*WHAT YOU WILL DO*
In the entries below, count each line where "cuboid" appears. Give the total and nothing more.

● ● ● ●

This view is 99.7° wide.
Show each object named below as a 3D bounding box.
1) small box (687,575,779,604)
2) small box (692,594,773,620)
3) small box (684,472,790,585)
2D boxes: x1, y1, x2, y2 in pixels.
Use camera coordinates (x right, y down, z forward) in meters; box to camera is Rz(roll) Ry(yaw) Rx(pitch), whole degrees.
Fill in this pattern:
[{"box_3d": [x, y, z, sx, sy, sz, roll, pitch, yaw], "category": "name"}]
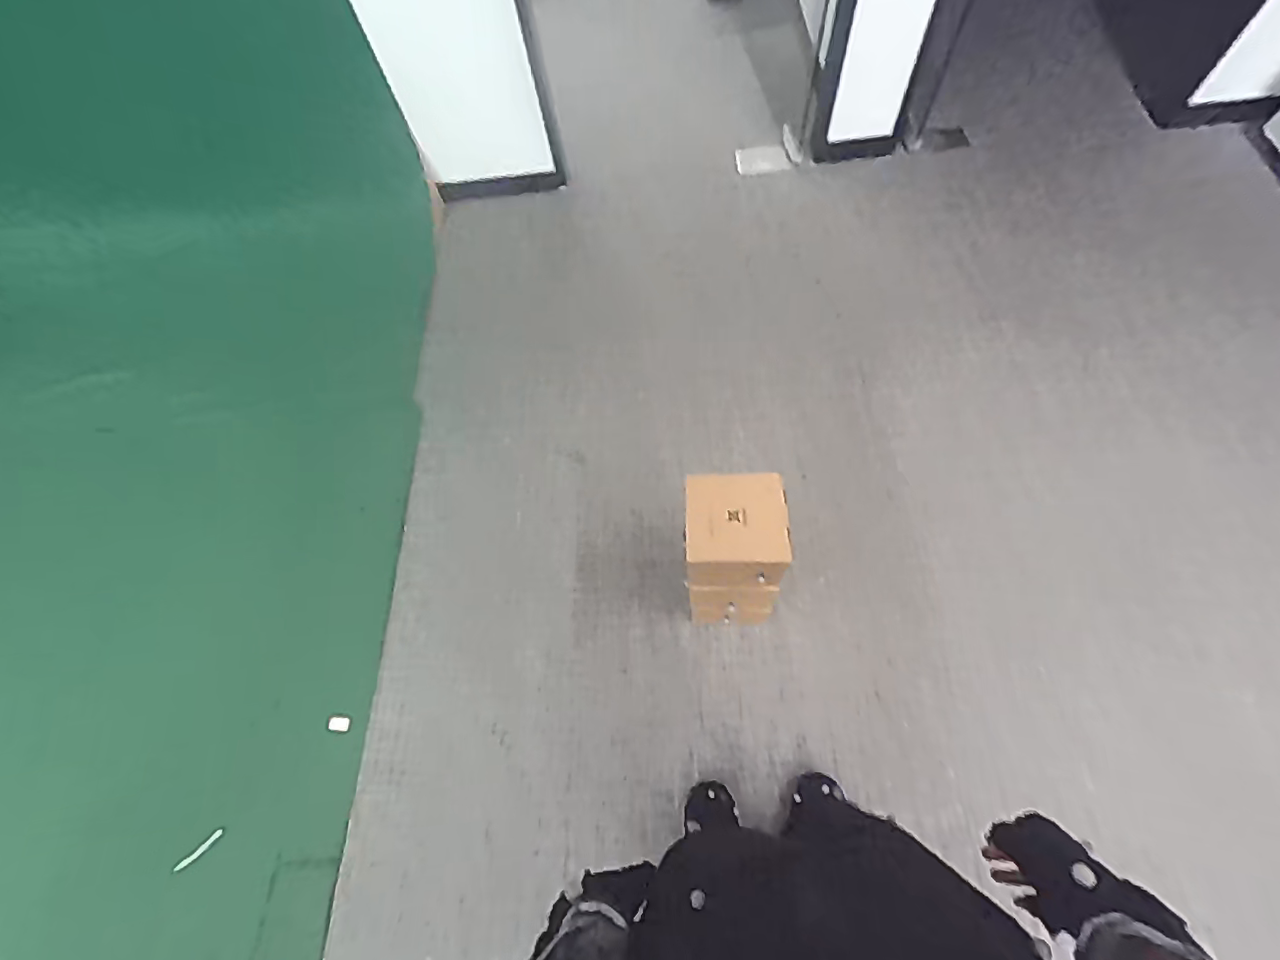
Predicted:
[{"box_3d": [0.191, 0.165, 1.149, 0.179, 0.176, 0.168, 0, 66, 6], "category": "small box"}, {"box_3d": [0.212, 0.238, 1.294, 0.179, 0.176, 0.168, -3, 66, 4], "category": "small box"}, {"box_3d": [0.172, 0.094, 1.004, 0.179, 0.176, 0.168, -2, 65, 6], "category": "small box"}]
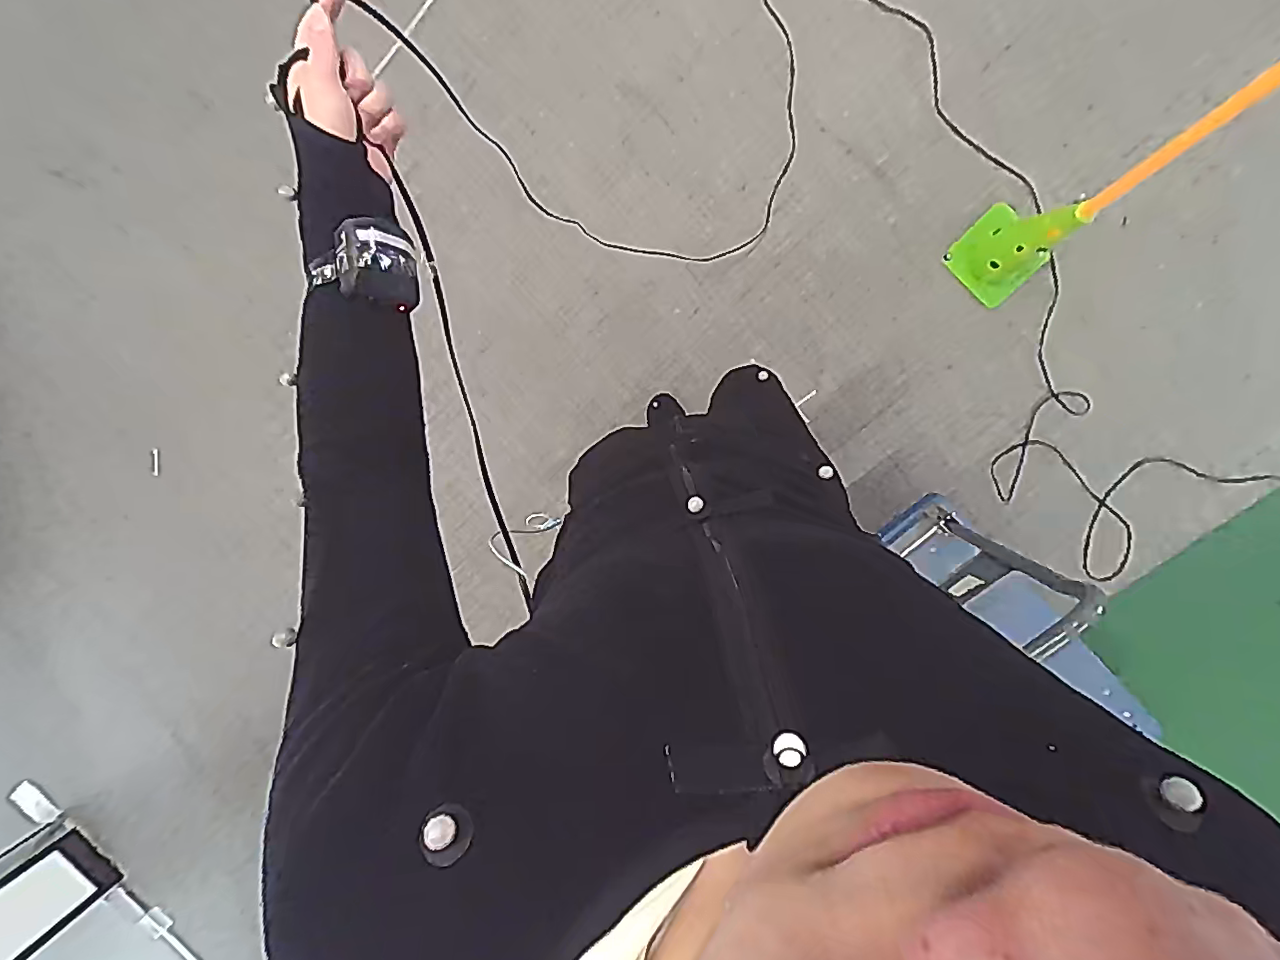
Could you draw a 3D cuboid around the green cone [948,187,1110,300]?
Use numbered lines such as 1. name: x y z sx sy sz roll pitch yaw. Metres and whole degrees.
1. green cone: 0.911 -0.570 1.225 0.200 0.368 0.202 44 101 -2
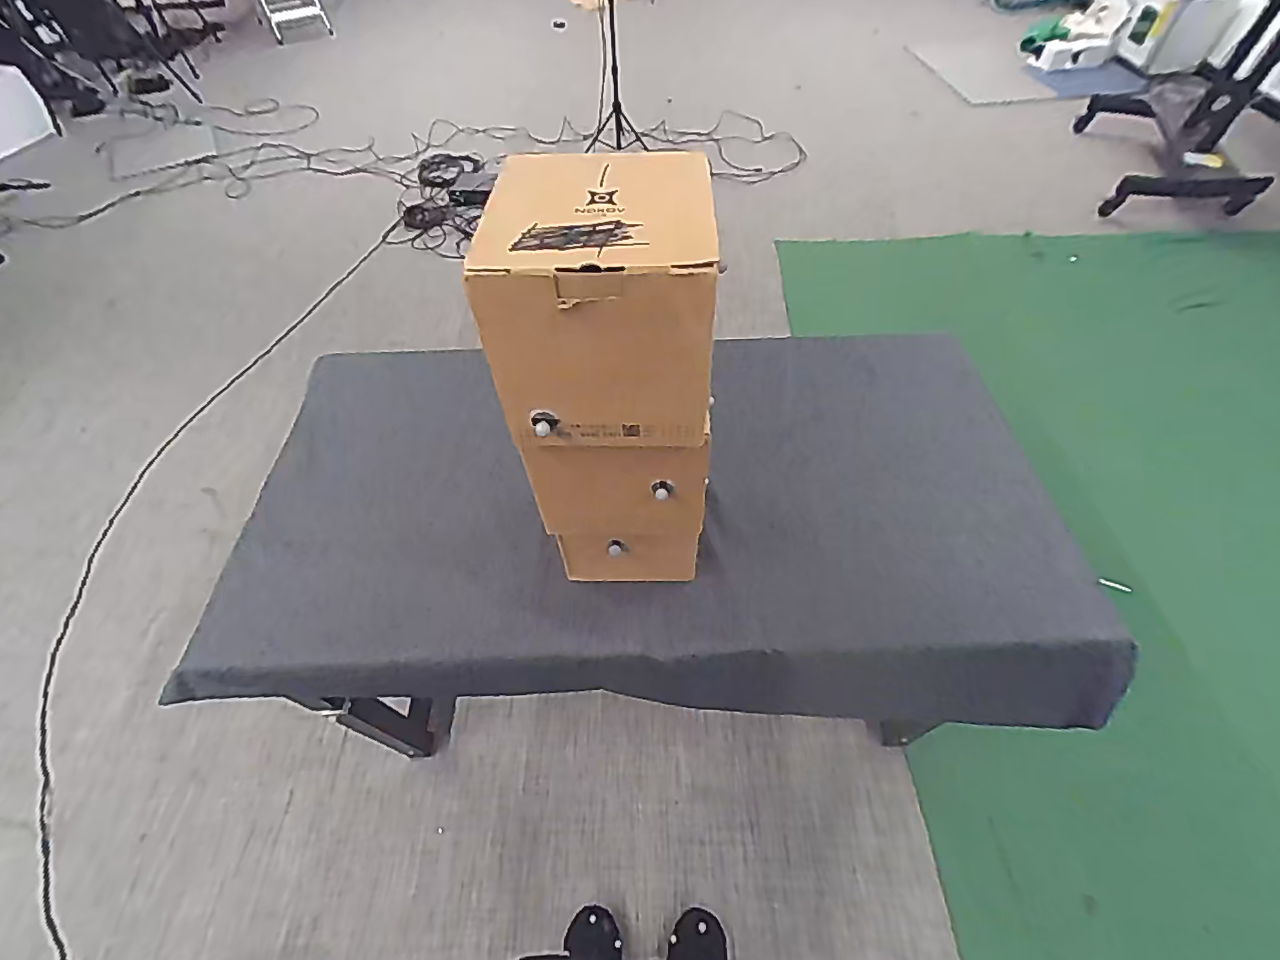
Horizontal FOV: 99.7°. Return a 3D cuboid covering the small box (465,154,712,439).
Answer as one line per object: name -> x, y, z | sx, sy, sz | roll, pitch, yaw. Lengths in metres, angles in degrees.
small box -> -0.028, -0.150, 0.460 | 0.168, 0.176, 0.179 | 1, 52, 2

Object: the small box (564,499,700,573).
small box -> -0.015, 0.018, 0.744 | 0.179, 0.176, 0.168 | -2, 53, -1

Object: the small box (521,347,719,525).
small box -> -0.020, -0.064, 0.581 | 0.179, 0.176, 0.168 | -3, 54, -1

● ● ● ●

*TASK OUTPUT*
2